Les activités proliférantes peuvent avoir des conséquences dramatiques si les destinataires des armes ou des matières dangereuses arrivent à leurs fins. Nous ne pouvons baisser notre garde. Il nous faut organiser un dispositif de surveillance, de renseignement, de filature, de perquisition, de garde à vue et de jugement, l'essentiel étant que les droits de la défense, auxquels toute personne a droit, soient bien respectés. Or le texte n'y porte pas atteinte. Cela devrait, je l'espère, rassurer nos collègues qui s'inquiètent de ce volet du projet de loi.

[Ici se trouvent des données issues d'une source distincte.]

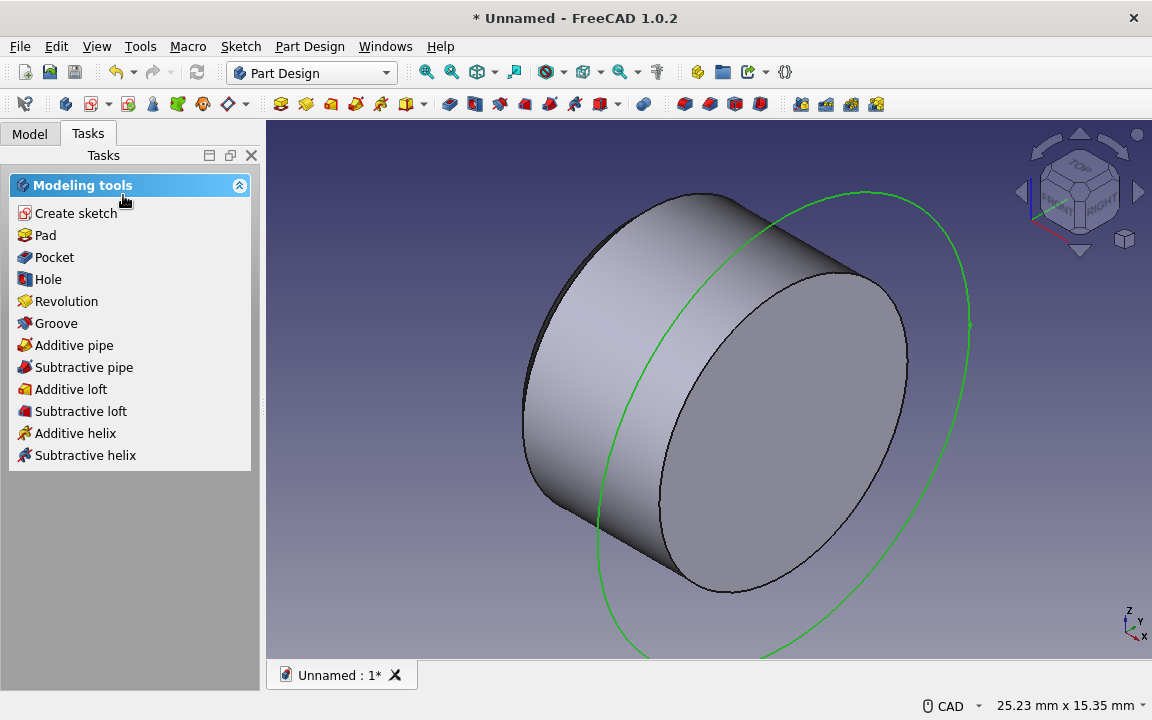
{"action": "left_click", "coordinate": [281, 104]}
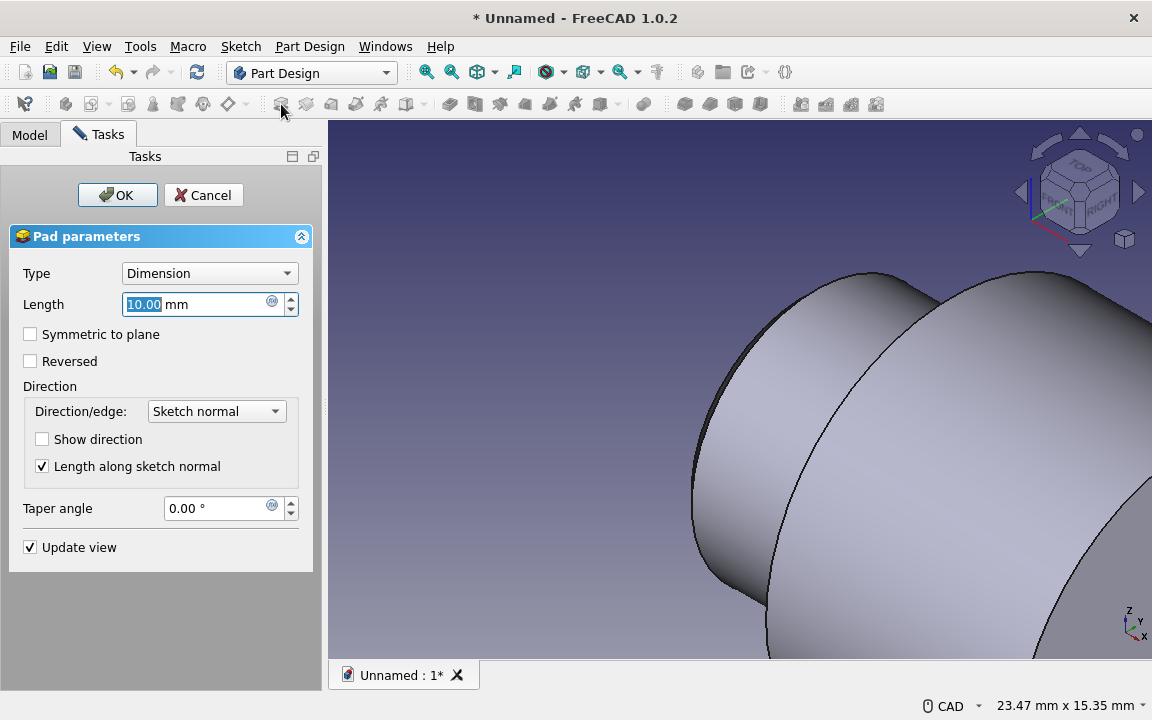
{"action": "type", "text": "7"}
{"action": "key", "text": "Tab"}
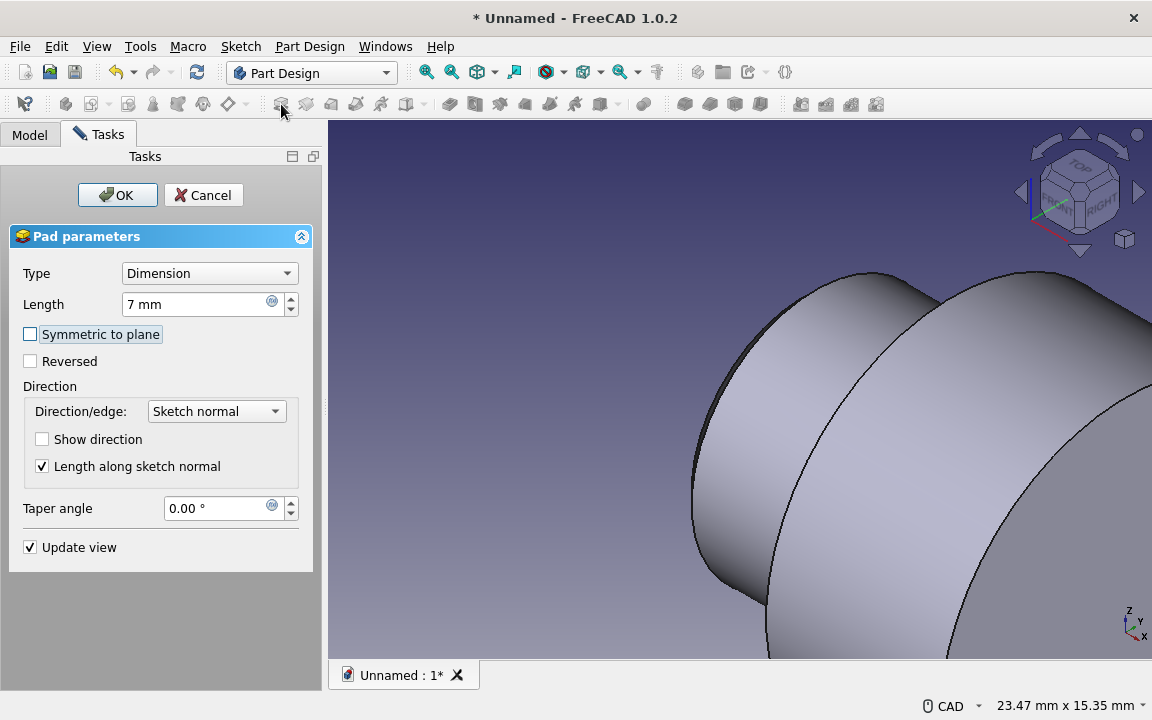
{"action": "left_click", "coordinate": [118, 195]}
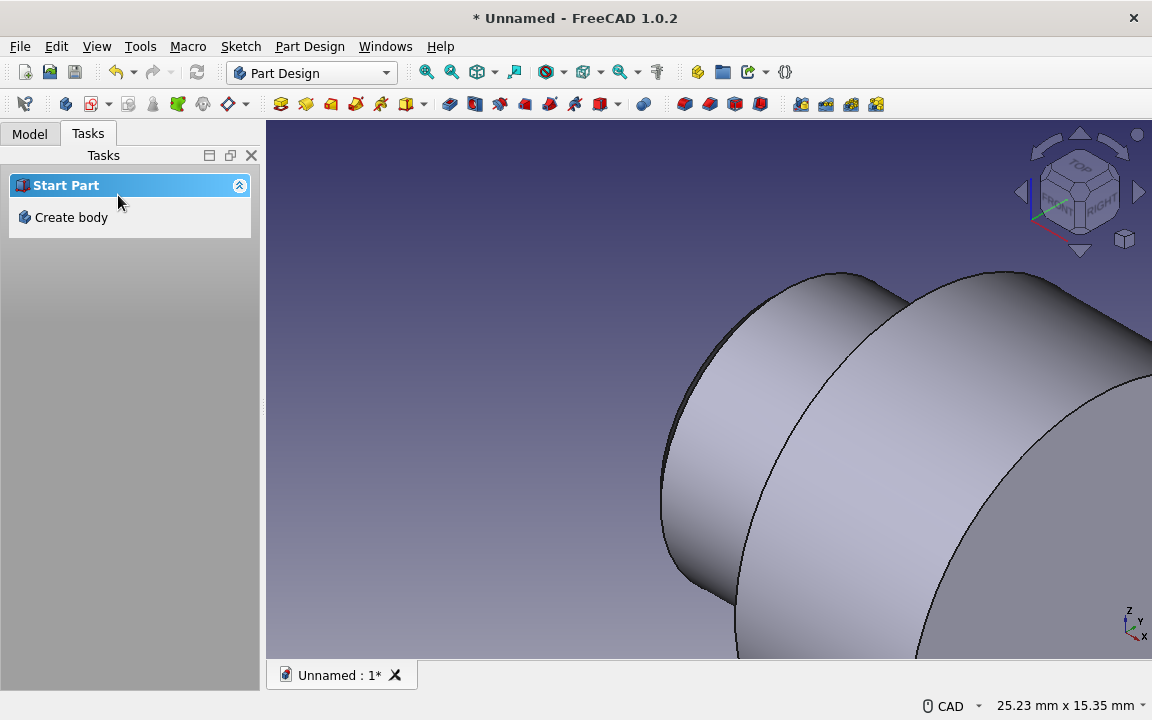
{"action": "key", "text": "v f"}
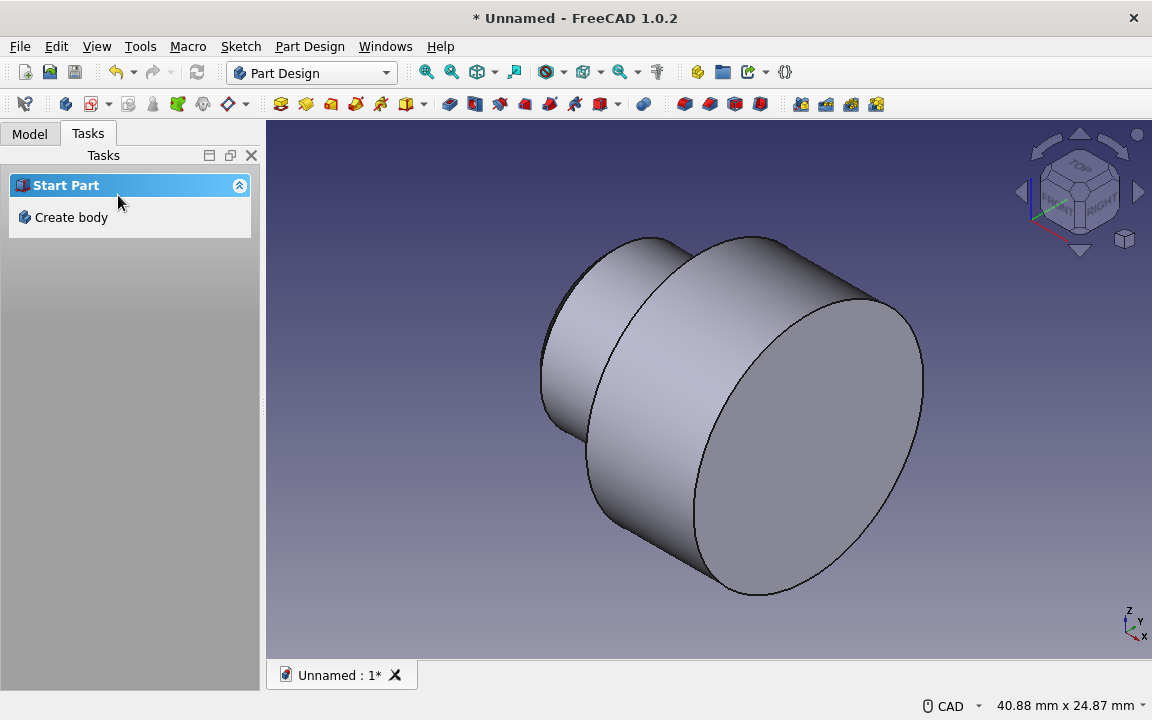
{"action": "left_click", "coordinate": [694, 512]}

Avant de terminer mon intervention, je souhaite interroger le Gouvernement sur un point qui n'est pas couvert par le projet de loi, à savoir les engins radiologiques.

Vous savez, monsieur le ministre, que ces engins, qu'on appelle parfois « bombes sales », peuvent être fabriqués à partir de matières radioactives telles que le cobalt, le césium 137 ou le strontium, largement utilisées par la médecine comme par l'industrie. Elles sont entreposées dans des endroits plus ou moins surveillés. En les combinant à des charges explosives, des terroristes pourraient dégager de la radioactivité sur plusieurs centaines de mètres.

Notre commission de la défense avait interrogé le Gouvernement sur ce point, qui nous a indiqué qu'un décret, relatif à la protection et au contrôle des matières nucléaires, de leurs installations et de leur transport, énumère les matières sous surveillance particulière : plutonium, uranium, thorium, deutérium, tritium et lithium 6. Le cobalt et autres matières radioactives non citées devraient faire l'objet d'un prochain projet de loi sur la protection des sources radioactives. Il convient, à mon sens, que la rédaction de ce projet soit rapidement finalisée car, autant l'explosion d'une bombe nucléaire par des terroristes relève de la propagande en raison de la complexité de la détonique, autant le recours à des bombes au cobalt est une hypothèse réaliste.

Mes chers collègues, en nous présentant le présent projet de loi, le Gouvernement répond de manière pragmatique à une menace potentielle. La commission de la défense a adopté ce projet et vous demande d'en faire de même. (Applaudissements sur les bancs du groupe UMP.)